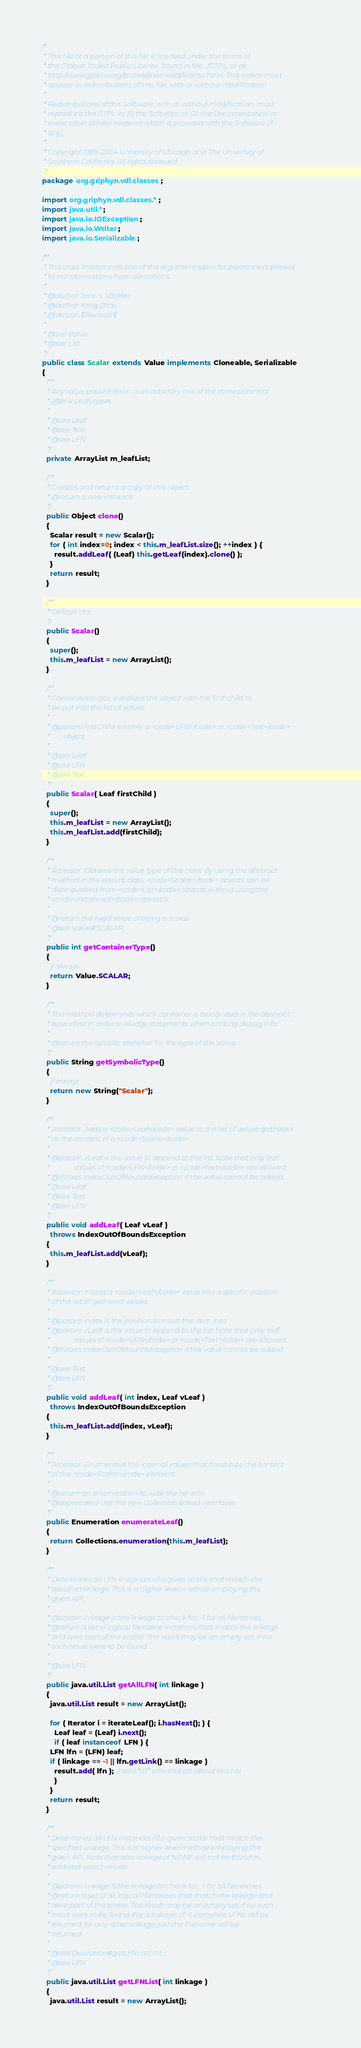<code> <loc_0><loc_0><loc_500><loc_500><_Java_>/*
 * This file or a portion of this file is licensed under the terms of
 * the Globus Toolkit Public License, found in file ../GTPL, or at
 * http://www.globus.org/toolkit/download/license.html. This notice must
 * appear in redistributions of this file, with or without modification.
 *
 * Redistributions of this Software, with or without modification, must
 * reproduce the GTPL in: (1) the Software, or (2) the Documentation or
 * some other similar material which is provided with the Software (if
 * any).
 *
 * Copyright 1999-2004 University of Chicago and The University of
 * Southern California. All rights reserved.
 */
package org.griphyn.vdl.classes;

import org.griphyn.vdl.classes.*;
import java.util.*;
import java.io.IOException;
import java.io.Writer;
import java.io.Serializable;

/**
 * This class implements one of the argument types for parameters passed
 * to transformations from derivations. 
 *
 * @author Jens-S. Vöckler
 * @author Yong Zhao
 * @version $Revision$
 *
 * @see Value
 * @see List
 */
public class Scalar extends Value implements Cloneable, Serializable
{
  /**
   * Any value passed down is an arbitrary mix of the three potential
   * {@link Leaf} types.
   *
   * @see Leaf
   * @see Text
   * @see LFN
   */
  private ArrayList m_leafList;

  /**
   * Creates and returns a copy of this object.
   * @return a new instance.
   */
  public Object clone()
  {
    Scalar result = new Scalar();
    for ( int index=0; index < this.m_leafList.size(); ++index ) {
      result.addLeaf( (Leaf) this.getLeaf(index).clone() );
    }
    return result;
  }

  /**
   * Default ctor.
   */
  public Scalar()
  {
    super();
    this.m_leafList = new ArrayList();
  }

  /**
   * Convenience ctor: Initializes the object with the first child to
   * be put into the list of values.
   *
   * @param firstChild is either a <code>LFN</code> or <code>Text</code>
   *        object.
   *
   * @see Leaf
   * @see LFN
   * @see Text
   */
  public Scalar( Leaf firstChild )
  {
    super();
    this.m_leafList = new ArrayList();
    this.m_leafList.add(firstChild);
  }

  /**
   * Accessor: Obtains the value type of this class. By using the abstract
   * method in the parent class, <code>Scalar</code> objects can be
   * distinguished from <code>List</code> objects without using the
   * <code>instanceof</code> operator.
   *
   * @return the fixed value of being a scalar. 
   * @see Value#SCALAR 
   */
  public int getContainerType()
  {
    // always
    return Value.SCALAR; 
  }

  /**
   * This method determines which container is being used in the abstract 
   * base class in order to kludgy statements when printing debug info.
   *
   * @return the symblic identifier for the type of the Value.
   */
  public String getSymbolicType()
  {
    // always
    return new String("Scalar");
  }

  /**
   * Accessor: Adds a <code>Leaf</code> value to the list of values gathered
   * as the content of a <code>Scalar</code>.
   *
   * @param vLeaf is the value to append to the list. Note that only leaf
   *              values of <code>LFN</code> or <code>Text</code> are allowed.
   * @throws IndexOutOfBoundsException if the value cannot be added.
   * @see Leaf
   * @see Text
   * @see LFN
   */
  public void addLeaf( Leaf vLeaf )
    throws IndexOutOfBoundsException
  { 
    this.m_leafList.add(vLeaf); 
  }
  
  /**
   * Accessor: Inserts a <code>Leaf</code> value into a specific position
   * of the list of gathered values.
   *
   * @param index is the position to insert the item into
   * @param vLeaf is the value to append to the list. Note that only leaf
   *              values of <code>LFN</code> or <code>Text</code> are allowed.
   * @throws IndexOutOfBoundsException if the value cannot be added.
   *
   * @see Text
   * @see LFN
   */
  public void addLeaf( int index, Leaf vLeaf )
    throws IndexOutOfBoundsException
  {
    this.m_leafList.add(index, vLeaf); 
  }

  /**
   * Accessor: Enumerates the internal values that constitute the content
   * of the <code>Scalar</code> element.
   *
   * @return an enumeration to walk the list with.
   * @deprecated Use the new Collection based interfaces
   */
  public Enumeration enumerateLeaf()
  { 
    return Collections.enumeration(this.m_leafList); 
  }

  /**
   * Determines all LFN instances of a given scalar that match the
   * specified linkage. This is a higher-level method employing the
   * given API.
   *
   * @param linkage is the linkage to check for, -1 for all filenames.
   * @return a set of logical filename instances that match the linkage
   * and were part of the scalar. The result may be an empty set, if no
   * such result were to be found.
   *
   * @see LFN 
   */
  public java.util.List getAllLFN( int linkage )
  {
    java.util.List result = new ArrayList();

    for ( Iterator i = iterateLeaf(); i.hasNext(); ) {
      Leaf leaf = (Leaf) i.next();
      if ( leaf instanceof LFN ) {
	LFN lfn = (LFN) leaf;
	if ( linkage == -1 || lfn.getLink() == linkage ) 
	  result.add( lfn ); // add *all* information about this file
      }
    }
    return result;
  }

  /**
   * Determines all LFN instances of a given scalar that match the
   * specified linkage. This is a higher-level method employing the
   * given API. Note that also linkage of NONE will not be found in
   * wildcard search mode.
   *
   * @param linkage is the linkage to check for, -1 for all filenames.
   * @return a set of all logical filenames that match the linkage and
   * were part of the scalar. The result may be an empty set, if no such
   * result were to be found. For a linkage of -1, complete LFNs will be
   * returned, for any other linkage, just the filename will be
   * returned.
   *
   * @see Derivation#getLFNList( int ) 
   * @see LFN 
   */
  public java.util.List getLFNList( int linkage )
  {
    java.util.List result = new ArrayList();
</code>

# # # # #

• [Directions]: Please print the material exactly as given above, omitting the pictures.

• [Response area]:
<code> <loc_0><loc_0><loc_500><loc_500><_Java_>/*
 * This file or a portion of this file is licensed under the terms of
 * the Globus Toolkit Public License, found in file ../GTPL, or at
 * http://www.globus.org/toolkit/download/license.html. This notice must
 * appear in redistributions of this file, with or without modification.
 *
 * Redistributions of this Software, with or without modification, must
 * reproduce the GTPL in: (1) the Software, or (2) the Documentation or
 * some other similar material which is provided with the Software (if
 * any).
 *
 * Copyright 1999-2004 University of Chicago and The University of
 * Southern California. All rights reserved.
 */
package org.griphyn.vdl.classes;

import org.griphyn.vdl.classes.*;
import java.util.*;
import java.io.IOException;
import java.io.Writer;
import java.io.Serializable;

/**
 * This class implements one of the argument types for parameters passed
 * to transformations from derivations. 
 *
 * @author Jens-S. Vöckler
 * @author Yong Zhao
 * @version $Revision$
 *
 * @see Value
 * @see List
 */
public class Scalar extends Value implements Cloneable, Serializable
{
  /**
   * Any value passed down is an arbitrary mix of the three potential
   * {@link Leaf} types.
   *
   * @see Leaf
   * @see Text
   * @see LFN
   */
  private ArrayList m_leafList;

  /**
   * Creates and returns a copy of this object.
   * @return a new instance.
   */
  public Object clone()
  {
    Scalar result = new Scalar();
    for ( int index=0; index < this.m_leafList.size(); ++index ) {
      result.addLeaf( (Leaf) this.getLeaf(index).clone() );
    }
    return result;
  }

  /**
   * Default ctor.
   */
  public Scalar()
  {
    super();
    this.m_leafList = new ArrayList();
  }

  /**
   * Convenience ctor: Initializes the object with the first child to
   * be put into the list of values.
   *
   * @param firstChild is either a <code>LFN</code> or <code>Text</code>
   *        object.
   *
   * @see Leaf
   * @see LFN
   * @see Text
   */
  public Scalar( Leaf firstChild )
  {
    super();
    this.m_leafList = new ArrayList();
    this.m_leafList.add(firstChild);
  }

  /**
   * Accessor: Obtains the value type of this class. By using the abstract
   * method in the parent class, <code>Scalar</code> objects can be
   * distinguished from <code>List</code> objects without using the
   * <code>instanceof</code> operator.
   *
   * @return the fixed value of being a scalar. 
   * @see Value#SCALAR 
   */
  public int getContainerType()
  {
    // always
    return Value.SCALAR; 
  }

  /**
   * This method determines which container is being used in the abstract 
   * base class in order to kludgy statements when printing debug info.
   *
   * @return the symblic identifier for the type of the Value.
   */
  public String getSymbolicType()
  {
    // always
    return new String("Scalar");
  }

  /**
   * Accessor: Adds a <code>Leaf</code> value to the list of values gathered
   * as the content of a <code>Scalar</code>.
   *
   * @param vLeaf is the value to append to the list. Note that only leaf
   *              values of <code>LFN</code> or <code>Text</code> are allowed.
   * @throws IndexOutOfBoundsException if the value cannot be added.
   * @see Leaf
   * @see Text
   * @see LFN
   */
  public void addLeaf( Leaf vLeaf )
    throws IndexOutOfBoundsException
  { 
    this.m_leafList.add(vLeaf); 
  }
  
  /**
   * Accessor: Inserts a <code>Leaf</code> value into a specific position
   * of the list of gathered values.
   *
   * @param index is the position to insert the item into
   * @param vLeaf is the value to append to the list. Note that only leaf
   *              values of <code>LFN</code> or <code>Text</code> are allowed.
   * @throws IndexOutOfBoundsException if the value cannot be added.
   *
   * @see Text
   * @see LFN
   */
  public void addLeaf( int index, Leaf vLeaf )
    throws IndexOutOfBoundsException
  {
    this.m_leafList.add(index, vLeaf); 
  }

  /**
   * Accessor: Enumerates the internal values that constitute the content
   * of the <code>Scalar</code> element.
   *
   * @return an enumeration to walk the list with.
   * @deprecated Use the new Collection based interfaces
   */
  public Enumeration enumerateLeaf()
  { 
    return Collections.enumeration(this.m_leafList); 
  }

  /**
   * Determines all LFN instances of a given scalar that match the
   * specified linkage. This is a higher-level method employing the
   * given API.
   *
   * @param linkage is the linkage to check for, -1 for all filenames.
   * @return a set of logical filename instances that match the linkage
   * and were part of the scalar. The result may be an empty set, if no
   * such result were to be found.
   *
   * @see LFN 
   */
  public java.util.List getAllLFN( int linkage )
  {
    java.util.List result = new ArrayList();

    for ( Iterator i = iterateLeaf(); i.hasNext(); ) {
      Leaf leaf = (Leaf) i.next();
      if ( leaf instanceof LFN ) {
	LFN lfn = (LFN) leaf;
	if ( linkage == -1 || lfn.getLink() == linkage ) 
	  result.add( lfn ); // add *all* information about this file
      }
    }
    return result;
  }

  /**
   * Determines all LFN instances of a given scalar that match the
   * specified linkage. This is a higher-level method employing the
   * given API. Note that also linkage of NONE will not be found in
   * wildcard search mode.
   *
   * @param linkage is the linkage to check for, -1 for all filenames.
   * @return a set of all logical filenames that match the linkage and
   * were part of the scalar. The result may be an empty set, if no such
   * result were to be found. For a linkage of -1, complete LFNs will be
   * returned, for any other linkage, just the filename will be
   * returned.
   *
   * @see Derivation#getLFNList( int ) 
   * @see LFN 
   */
  public java.util.List getLFNList( int linkage )
  {
    java.util.List result = new ArrayList();
</code>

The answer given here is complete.